• What is needed: Restate word for word the entries below, starting with the line with "HFOV 62.7°." and continuing through the line with "- plant saucer (0,346,9,357)". Include both of those lines and no others.

[Items from a data source]
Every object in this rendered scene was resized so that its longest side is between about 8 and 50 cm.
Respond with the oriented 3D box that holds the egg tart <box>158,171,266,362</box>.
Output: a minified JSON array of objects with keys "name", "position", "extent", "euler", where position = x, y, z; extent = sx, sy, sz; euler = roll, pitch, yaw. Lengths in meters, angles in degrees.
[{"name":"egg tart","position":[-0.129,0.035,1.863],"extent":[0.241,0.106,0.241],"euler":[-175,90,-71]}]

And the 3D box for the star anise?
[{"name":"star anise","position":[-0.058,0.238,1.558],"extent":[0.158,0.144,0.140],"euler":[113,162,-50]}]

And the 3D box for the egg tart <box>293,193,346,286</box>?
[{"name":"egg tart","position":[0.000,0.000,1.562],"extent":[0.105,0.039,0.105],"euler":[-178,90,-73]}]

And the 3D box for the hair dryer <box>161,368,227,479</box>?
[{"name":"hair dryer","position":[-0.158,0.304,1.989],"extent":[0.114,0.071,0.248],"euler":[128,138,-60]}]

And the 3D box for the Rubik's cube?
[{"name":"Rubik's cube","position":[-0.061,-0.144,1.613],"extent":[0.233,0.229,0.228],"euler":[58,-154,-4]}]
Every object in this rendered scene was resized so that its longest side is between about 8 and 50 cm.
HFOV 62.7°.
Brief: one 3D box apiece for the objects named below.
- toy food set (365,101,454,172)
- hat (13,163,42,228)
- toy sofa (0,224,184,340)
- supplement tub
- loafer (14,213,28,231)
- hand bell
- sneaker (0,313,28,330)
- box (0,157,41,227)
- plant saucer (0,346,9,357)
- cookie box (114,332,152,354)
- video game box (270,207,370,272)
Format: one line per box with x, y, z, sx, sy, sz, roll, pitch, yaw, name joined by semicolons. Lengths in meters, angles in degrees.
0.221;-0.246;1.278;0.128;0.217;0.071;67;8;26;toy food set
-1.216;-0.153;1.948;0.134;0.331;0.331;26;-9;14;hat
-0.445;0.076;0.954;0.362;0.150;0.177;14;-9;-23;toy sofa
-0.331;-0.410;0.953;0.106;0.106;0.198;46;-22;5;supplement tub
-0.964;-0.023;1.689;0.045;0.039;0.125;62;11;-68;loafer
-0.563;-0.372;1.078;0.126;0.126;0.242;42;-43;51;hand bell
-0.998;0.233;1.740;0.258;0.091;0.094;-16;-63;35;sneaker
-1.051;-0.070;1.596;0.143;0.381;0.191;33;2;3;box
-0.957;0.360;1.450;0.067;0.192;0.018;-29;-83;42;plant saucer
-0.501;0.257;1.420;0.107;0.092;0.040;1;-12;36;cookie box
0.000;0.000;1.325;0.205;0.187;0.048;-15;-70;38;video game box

• Expected answer:
HFOV 62.7°.
Brief: one 3D box apiece for the objects named below.
- toy food set (365,101,454,172)
- hat (13,163,42,228)
- toy sofa (0,224,184,340)
- supplement tub
- loafer (14,213,28,231)
- hand bell
- sneaker (0,313,28,330)
- box (0,157,41,227)
- plant saucer (0,346,9,357)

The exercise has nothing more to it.